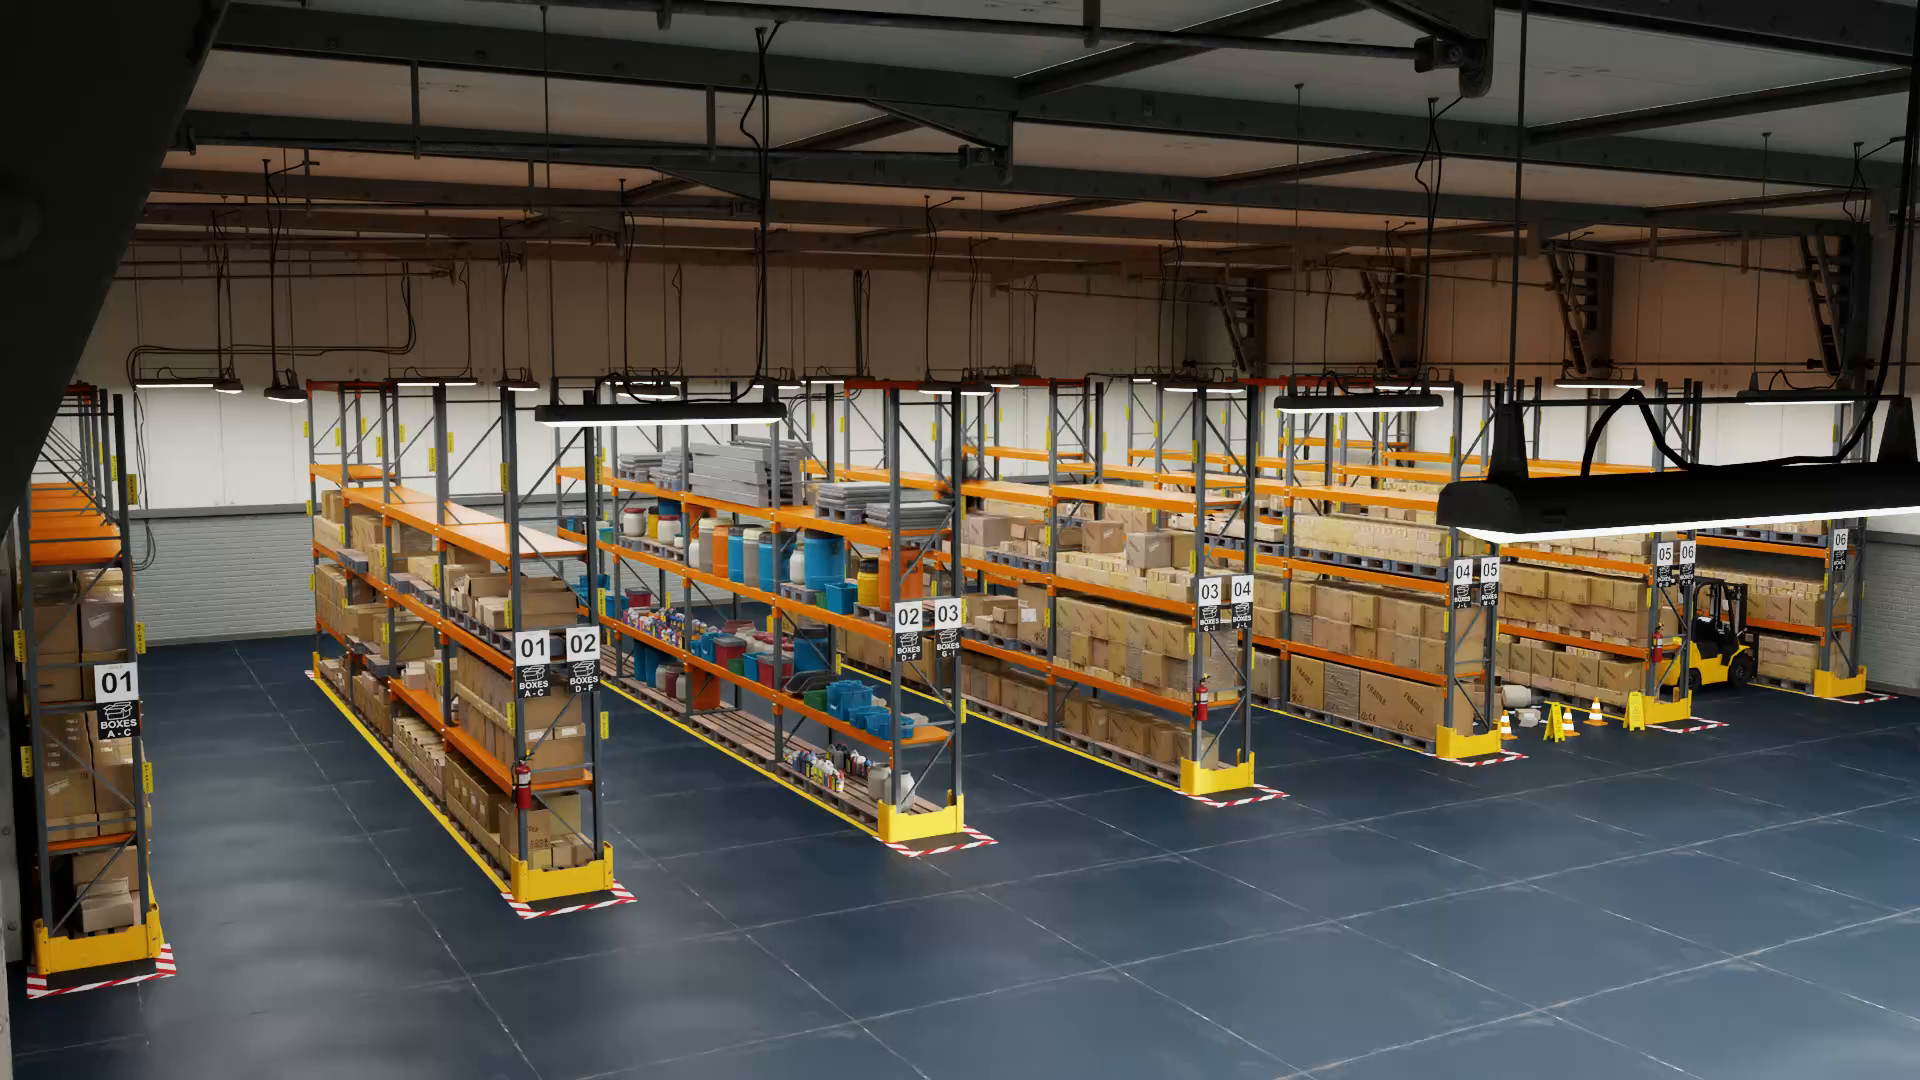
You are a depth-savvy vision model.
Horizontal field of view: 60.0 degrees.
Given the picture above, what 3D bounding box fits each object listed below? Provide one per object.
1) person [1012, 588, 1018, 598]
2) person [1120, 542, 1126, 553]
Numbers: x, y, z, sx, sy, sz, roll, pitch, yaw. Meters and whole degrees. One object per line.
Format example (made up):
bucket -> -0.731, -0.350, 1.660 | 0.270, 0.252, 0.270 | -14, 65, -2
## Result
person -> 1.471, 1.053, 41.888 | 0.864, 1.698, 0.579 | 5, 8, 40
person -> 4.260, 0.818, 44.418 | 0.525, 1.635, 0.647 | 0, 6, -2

**EXERCISE INSTRUCTIONS**. Search the data for the word "object" and copy each line where it appears.

**TASK RESULT**.
Given the picture above, what 3D bounding box fits each object listed below? Provide one per object.
Numbers: x, y, z, sx, sy, sz, roll, pitch, yaw. Meters and whole degrees. One object per line.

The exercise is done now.